_The task_:
Please write out every line of the listing without alteration, but omit the images.

_Listed entries_:
···

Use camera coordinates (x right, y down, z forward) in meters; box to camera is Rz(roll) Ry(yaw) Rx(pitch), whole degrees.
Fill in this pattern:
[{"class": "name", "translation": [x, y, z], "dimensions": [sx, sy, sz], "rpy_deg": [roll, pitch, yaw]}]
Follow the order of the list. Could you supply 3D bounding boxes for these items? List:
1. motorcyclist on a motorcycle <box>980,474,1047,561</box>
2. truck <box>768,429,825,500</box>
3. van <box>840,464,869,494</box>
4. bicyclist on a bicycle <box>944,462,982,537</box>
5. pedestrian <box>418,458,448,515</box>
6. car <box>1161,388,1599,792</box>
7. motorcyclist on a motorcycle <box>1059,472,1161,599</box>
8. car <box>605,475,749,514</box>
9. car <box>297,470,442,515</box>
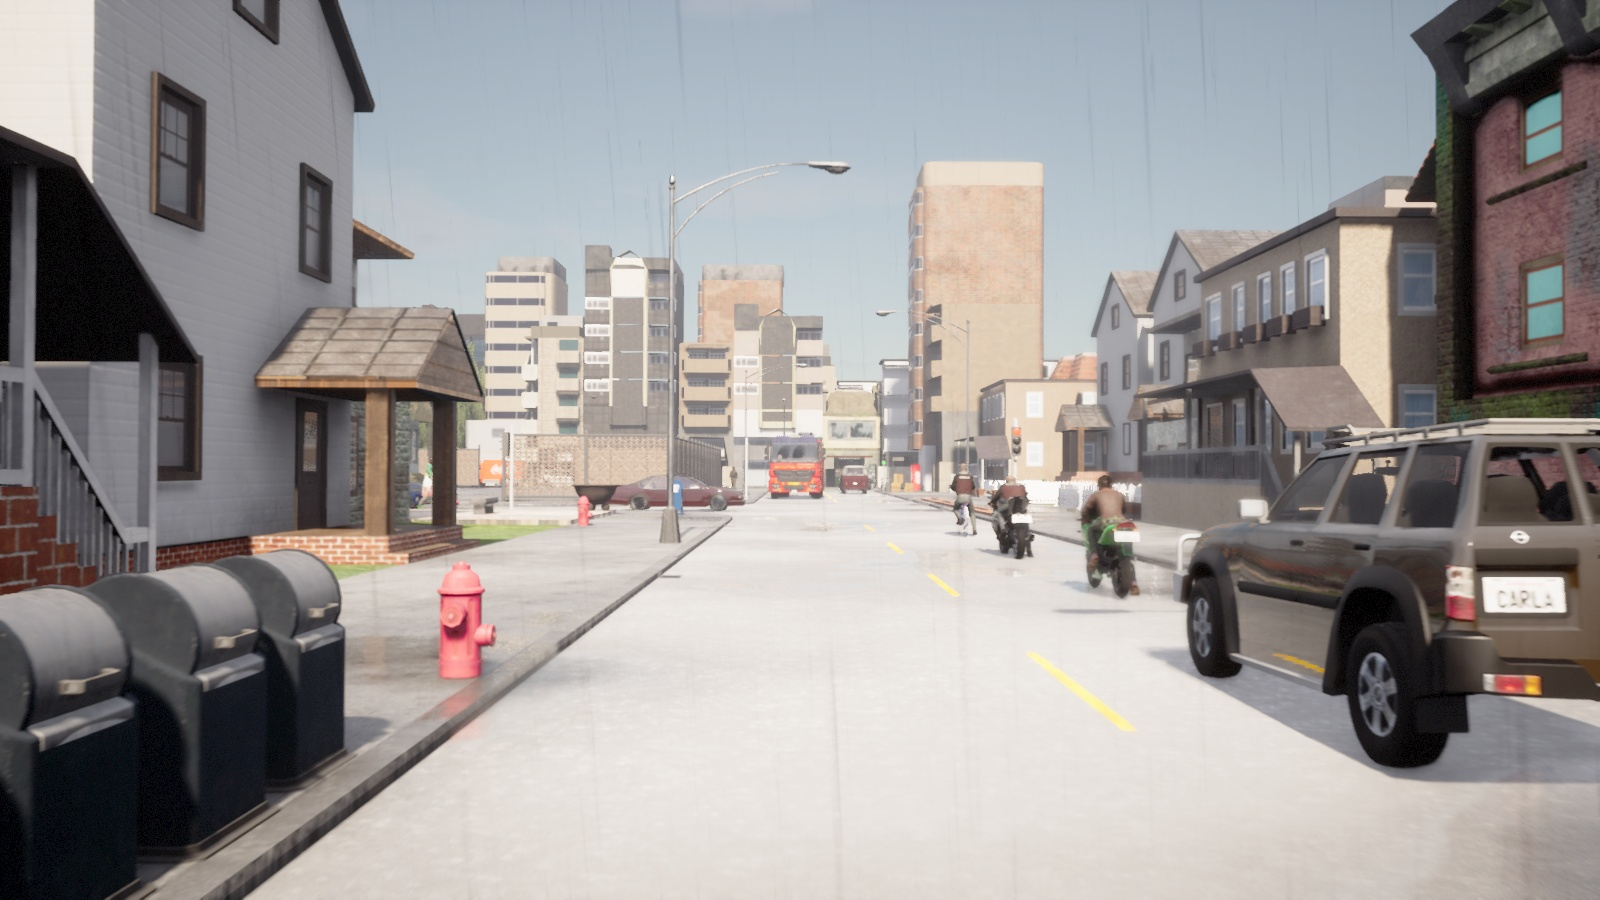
[{"class": "motorcyclist on a motorcycle", "translation": [3.939, 1.224, 23.382], "dimensions": [0.866, 1.530, 2.191], "rpy_deg": [0, -1, 0]}, {"class": "truck", "translation": [-0.114, 0.868, 72.985], "dimensions": [2.891, 3.827, 8.468], "rpy_deg": [0, -1, 3]}, {"class": "van", "translation": [3.774, 2.017, 87.783], "dimensions": [1.775, 1.987, 4.442], "rpy_deg": [0, -1, 0]}, {"class": "bicyclist on a bicycle", "translation": [3.935, 1.178, 30.472], "dimensions": [0.659, 1.776, 1.843], "rpy_deg": [0, -1, -1]}, {"class": "pedestrian", "translation": [-12.795, 1.267, 43.783], "dimensions": [0.873, 1.952, 0.659], "rpy_deg": [0, -1, 0]}, {"class": "car", "translation": [3.979, 0.744, 8.098], "dimensions": [1.932, 1.855, 4.605], "rpy_deg": [0, -3, 0]}, {"class": "motorcyclist on a motorcycle", "translation": [3.958, 1.051, 16.190], "dimensions": [0.797, 1.523, 2.044], "rpy_deg": [0, -1, 0]}, {"class": "car", "translation": [-4.662, 1.685, 48.203], "dimensions": [5.357, 1.411, 2.033], "rpy_deg": [0, -1, -2]}, {"class": "car", "translation": [-16.439, 1.613, 48.120], "dimensions": [4.856, 1.649, 2.033], "rpy_deg": [0, -1, 0]}]

···

_Completed exercise_:
Use camera coordinates (x right, y down, z forward) in meters; box to camera is Rz(roll) Ry(yaw) Rx(pitch), whole degrees.
Fill in this pattern:
[{"class": "name", "translation": [x, y, z], "dimensions": [sx, sy, sz], "rpy_deg": [roll, pitch, yaw]}]
Follow the order of the list. Could you supply 3D bounding boxes for these items? List:
1. motorcyclist on a motorcycle <box>980,474,1047,561</box>
2. truck <box>768,429,825,500</box>
3. van <box>840,464,869,494</box>
4. bicyclist on a bicycle <box>944,462,982,537</box>
5. pedestrian <box>418,458,448,515</box>
6. car <box>1161,388,1599,792</box>
7. motorcyclist on a motorcycle <box>1059,472,1161,599</box>
8. car <box>605,475,749,514</box>
9. car <box>297,470,442,515</box>
[{"class": "motorcyclist on a motorcycle", "translation": [3.939, 1.224, 23.382], "dimensions": [0.866, 1.530, 2.191], "rpy_deg": [0, -1, 0]}, {"class": "truck", "translation": [-0.114, 0.868, 72.985], "dimensions": [2.891, 3.827, 8.468], "rpy_deg": [0, -1, 3]}, {"class": "van", "translation": [3.774, 2.017, 87.783], "dimensions": [1.775, 1.987, 4.442], "rpy_deg": [0, -1, 0]}, {"class": "bicyclist on a bicycle", "translation": [3.935, 1.178, 30.472], "dimensions": [0.659, 1.776, 1.843], "rpy_deg": [0, -1, -1]}, {"class": "pedestrian", "translation": [-12.795, 1.267, 43.783], "dimensions": [0.873, 1.952, 0.659], "rpy_deg": [0, -1, 0]}, {"class": "car", "translation": [3.979, 0.744, 8.098], "dimensions": [1.932, 1.855, 4.605], "rpy_deg": [0, -3, 0]}, {"class": "motorcyclist on a motorcycle", "translation": [3.958, 1.051, 16.190], "dimensions": [0.797, 1.523, 2.044], "rpy_deg": [0, -1, 0]}, {"class": "car", "translation": [-4.662, 1.685, 48.203], "dimensions": [5.357, 1.411, 2.033], "rpy_deg": [0, -1, -2]}, {"class": "car", "translation": [-16.439, 1.613, 48.120], "dimensions": [4.856, 1.649, 2.033], "rpy_deg": [0, -1, 0]}]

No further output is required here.